90 Merrick Avenue, 9th Floor
East MEeadow, NY 11554
Phone: 516.296.7000 * Fax: 516.296.7111
www.certilmanbalin.com
Fred Skolnik
Partner
Direct Dial 516.296.7048
fskolnik@certilmanbalin.com
September 6, 2011
United States Securities and Exchange Commission
450 Fifth Street N.W.
Washington, DC 20549
Re: BioRestorative Therapies, Inc. (formerly Stem Cell Assurance, Inc.)
Amendment No. 1 to Form 10 Registration Statement
Filed July 11, 2011
File No. 0-54402
Ladies and Gentlemen:
We act as counsel for BioRestorative Therapies, Inc. (formerly Stem Cell Assurance, Inc.) (the “Company”). We refer to the Staff’s letter dated August 8, 2011 to Mark Weinreb, Chief Executive Officer of the Company, with respect to Amendment No. 1 to the Company’s Form 10 Registration Statement filed with the Commission on July 11, 2011. Mr. Weinreb has referred the Staff’s letter to us for a response. In that regard, on behalf of the Company, we respond to the comments in the Staff’s letter with respect to the Form 10 as follows:
Overview, page 1
1. Comment: We reissue comment one of our letter dated June 6, 2011. Please provide a more detailed discussion of your business plan. Clearly disclose the milestones for each part of your business plan, including the estimated time frame for each milestone, the estimated costs and the intended sources of funding. In response to our prior comment you have instead provided very general disclosure of the business plan, rather than the various milestones that are needed to implement each phase of your business plan.
Response: A more detailed discussion has been included in Item 1 with respect to the estimated timeframe for each milestone of the Company’s business plan, the estimated costs involved in each milestone and the intended source of funds. Appropriate cross-references have been included in the “Overview” section.
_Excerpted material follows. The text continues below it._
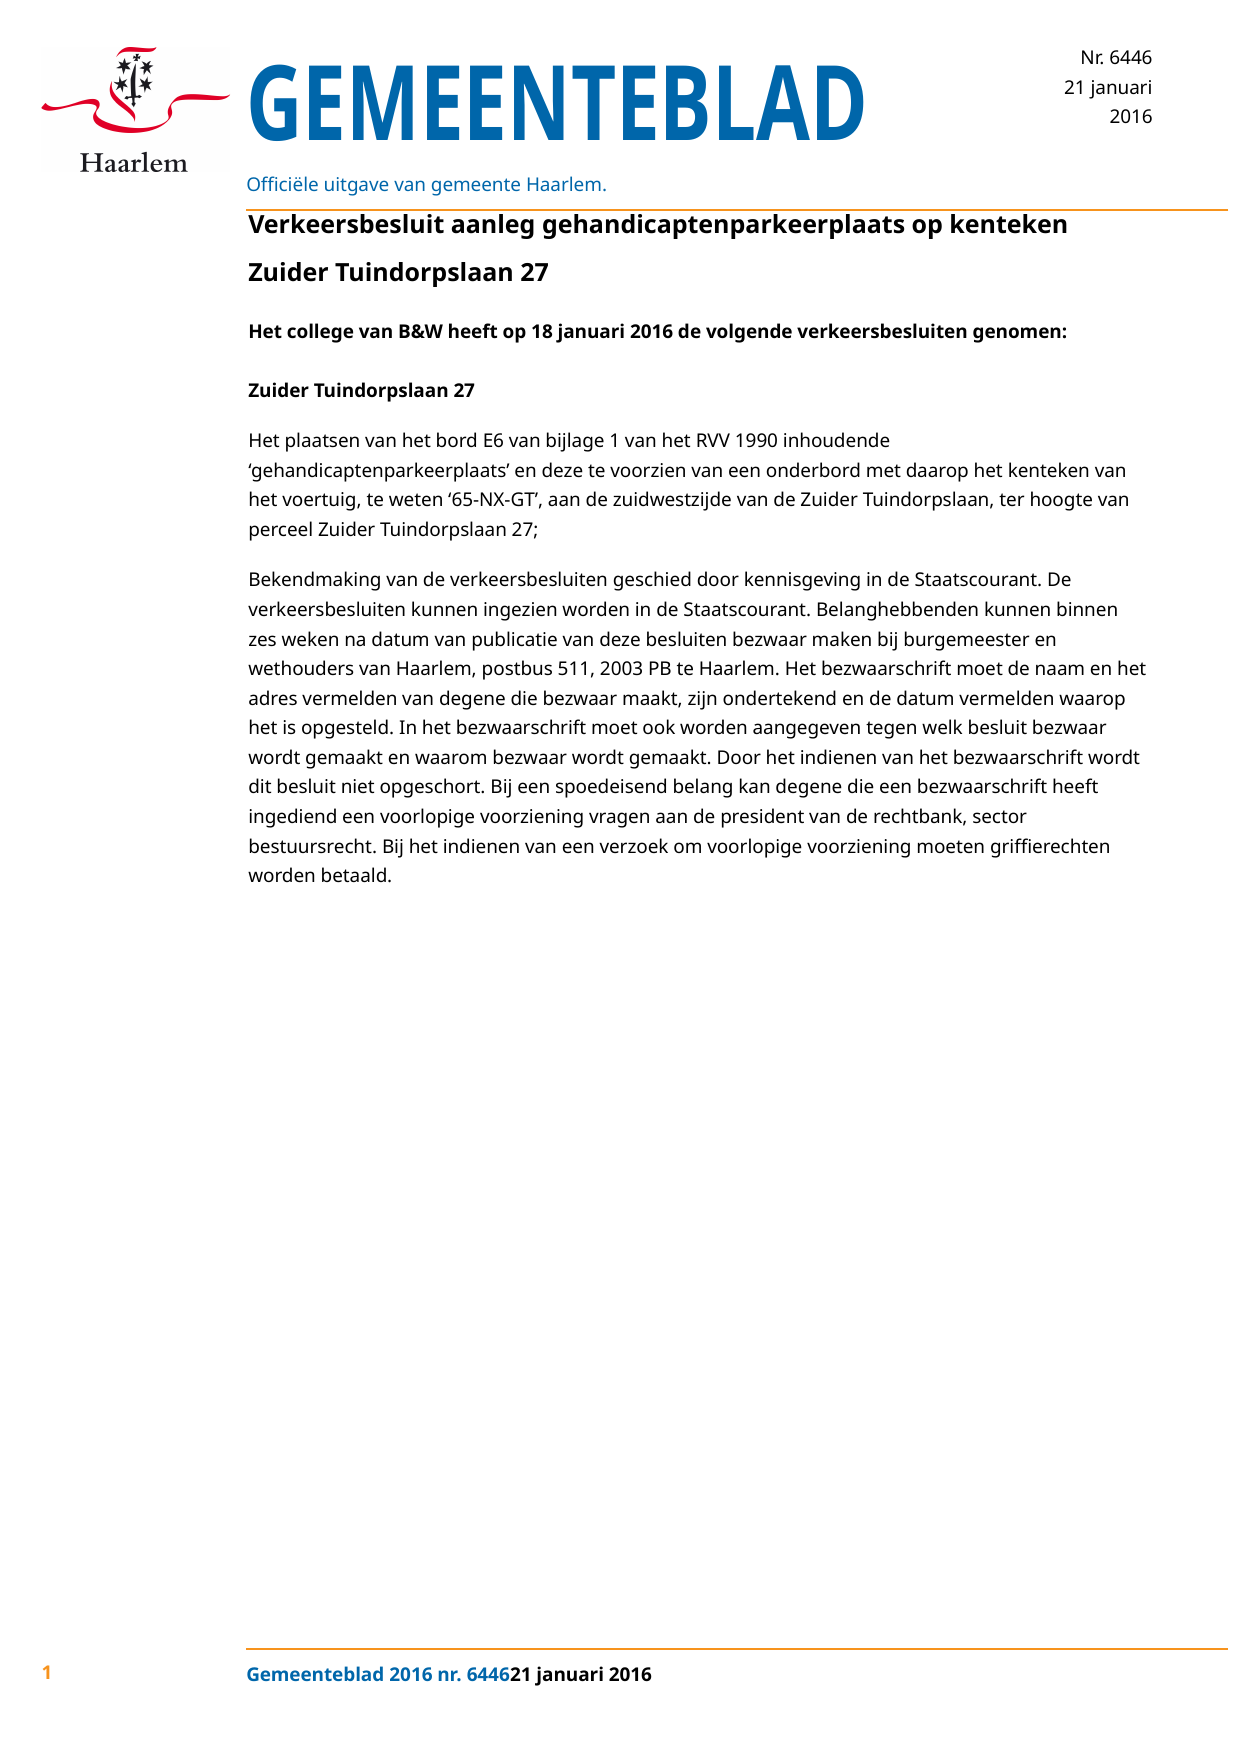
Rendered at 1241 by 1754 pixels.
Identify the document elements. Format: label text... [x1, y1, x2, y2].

2. Comment: While we note the general statement on page one that the implementation of the business plan will require sufficient equity or debt financing to fund your operations, please revise the disclosure to clearly state the intended source(s) of funding, whether you have any funding sources to date, and the impact on your business plan if you are unable to obtain such funding. In addition, we note the estimated costs and time frame for implementing parts of your business plan. Given the significant funding needed, please explain how you determined the time frame and discuss whether you currently have the funding for that particular part of your business plan.
Securities and Exchange Commission
September 6, 2011
Page 2
Response: Additional disclosures and cross-references have been included in the “Overview” section with regard to the Company’s funding needs.
Strategy, page 1
1. Comment: We note your response to comment six of our letter dated June 6, 2011, and we reissue it. It is unclear why you provide disclosure of a strategy that is “[s]ubject to the relaxation of strict domestic regulatory restrictions.” Please revise to clarify whether you have a basis for believing the regulatory restrictions that prevent you from operating parts of your business in the United States may be changed in the near future. Otherwise this statement and your contingent plans for U.S. locations for your stem cell therapy clinic and other products appear speculative.
Response: The language has been revised to address the Staff’s concern.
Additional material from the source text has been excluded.